> [Exercise input]
= Beginning of Section =

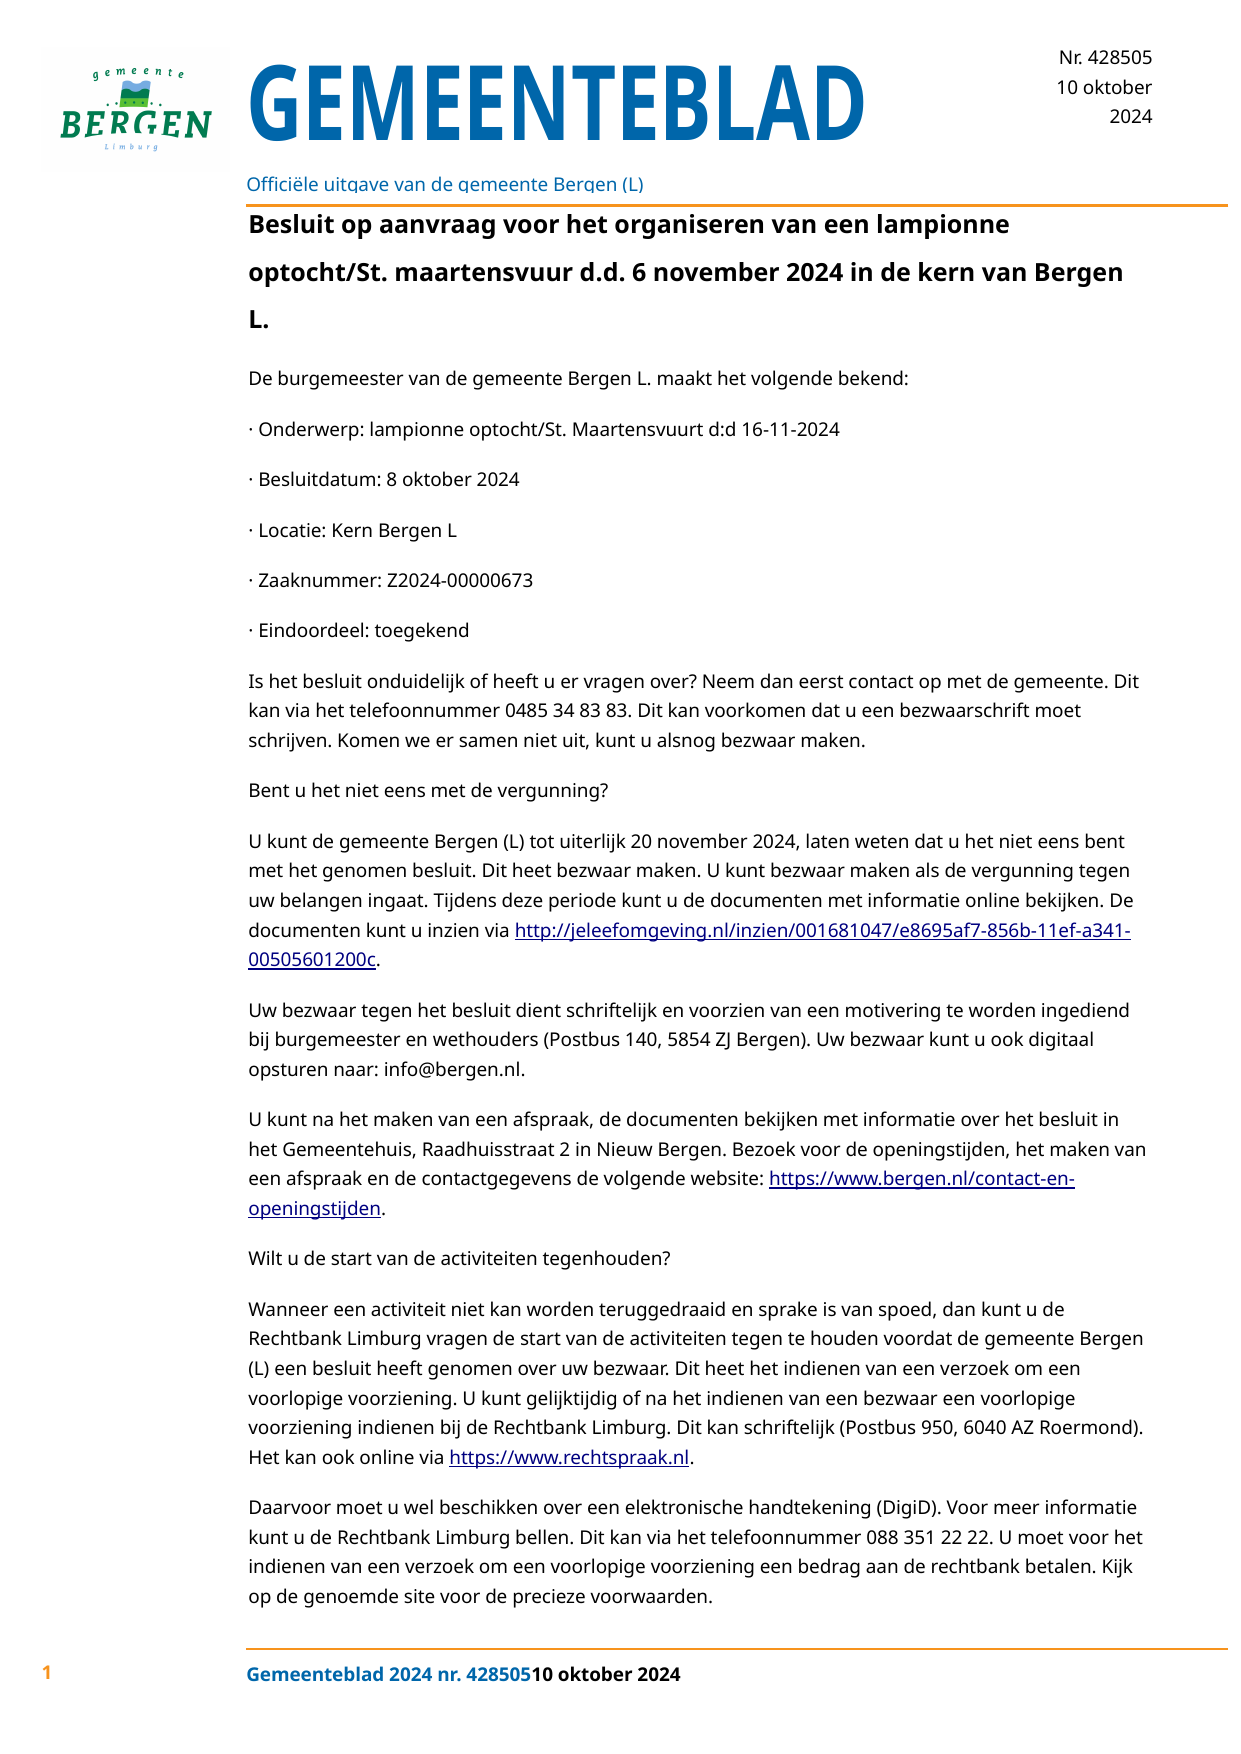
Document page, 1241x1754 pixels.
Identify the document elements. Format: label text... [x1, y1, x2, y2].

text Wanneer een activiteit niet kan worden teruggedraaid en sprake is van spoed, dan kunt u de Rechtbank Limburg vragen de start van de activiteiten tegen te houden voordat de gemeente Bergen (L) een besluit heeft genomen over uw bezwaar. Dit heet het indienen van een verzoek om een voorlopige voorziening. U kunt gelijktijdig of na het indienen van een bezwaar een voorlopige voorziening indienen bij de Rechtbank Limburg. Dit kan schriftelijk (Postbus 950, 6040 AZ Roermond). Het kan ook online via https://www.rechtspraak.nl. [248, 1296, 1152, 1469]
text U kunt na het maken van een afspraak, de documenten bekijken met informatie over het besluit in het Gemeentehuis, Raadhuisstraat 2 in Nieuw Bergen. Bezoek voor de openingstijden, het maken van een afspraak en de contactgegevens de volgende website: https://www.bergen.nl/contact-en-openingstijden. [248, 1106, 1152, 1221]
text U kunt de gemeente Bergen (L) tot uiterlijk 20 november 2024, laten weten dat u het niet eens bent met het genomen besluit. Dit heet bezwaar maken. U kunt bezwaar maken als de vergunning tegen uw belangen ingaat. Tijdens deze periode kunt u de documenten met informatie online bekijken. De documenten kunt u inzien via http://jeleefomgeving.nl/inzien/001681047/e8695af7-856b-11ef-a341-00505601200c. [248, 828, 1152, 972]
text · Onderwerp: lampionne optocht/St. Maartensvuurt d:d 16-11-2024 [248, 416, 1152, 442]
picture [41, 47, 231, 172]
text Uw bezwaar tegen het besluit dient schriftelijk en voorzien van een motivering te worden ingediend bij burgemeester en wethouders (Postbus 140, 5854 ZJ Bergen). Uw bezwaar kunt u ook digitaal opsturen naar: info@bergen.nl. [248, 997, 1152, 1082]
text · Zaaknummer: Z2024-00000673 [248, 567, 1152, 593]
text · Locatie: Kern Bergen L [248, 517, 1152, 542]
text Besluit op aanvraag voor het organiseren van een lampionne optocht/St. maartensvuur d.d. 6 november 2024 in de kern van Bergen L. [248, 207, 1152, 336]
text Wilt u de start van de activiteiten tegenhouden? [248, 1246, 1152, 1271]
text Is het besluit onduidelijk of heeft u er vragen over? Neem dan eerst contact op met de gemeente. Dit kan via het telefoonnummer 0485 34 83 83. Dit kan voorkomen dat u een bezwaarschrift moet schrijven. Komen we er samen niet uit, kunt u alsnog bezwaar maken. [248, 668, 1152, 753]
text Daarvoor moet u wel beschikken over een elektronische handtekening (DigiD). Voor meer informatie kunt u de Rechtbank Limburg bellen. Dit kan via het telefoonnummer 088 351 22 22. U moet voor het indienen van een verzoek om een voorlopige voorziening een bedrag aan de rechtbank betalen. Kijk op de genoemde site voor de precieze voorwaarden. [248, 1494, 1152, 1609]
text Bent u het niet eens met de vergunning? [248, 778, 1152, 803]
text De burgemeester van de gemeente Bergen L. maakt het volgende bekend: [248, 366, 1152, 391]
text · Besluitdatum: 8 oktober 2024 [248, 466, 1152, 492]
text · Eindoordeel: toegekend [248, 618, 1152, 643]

= End of Section =
= Beginning of Section =

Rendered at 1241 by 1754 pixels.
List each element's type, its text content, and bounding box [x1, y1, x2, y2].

= End of Section =

Give only the lines from the one holding "Rendered at 1241 by 1754 pixels." through the one holding "List each element's", each restated exactly as it appears above.

Rendered at 1241 by 1754 pixels.
List each element's type, its text content, and bounding box [x1, y1, x2, y2].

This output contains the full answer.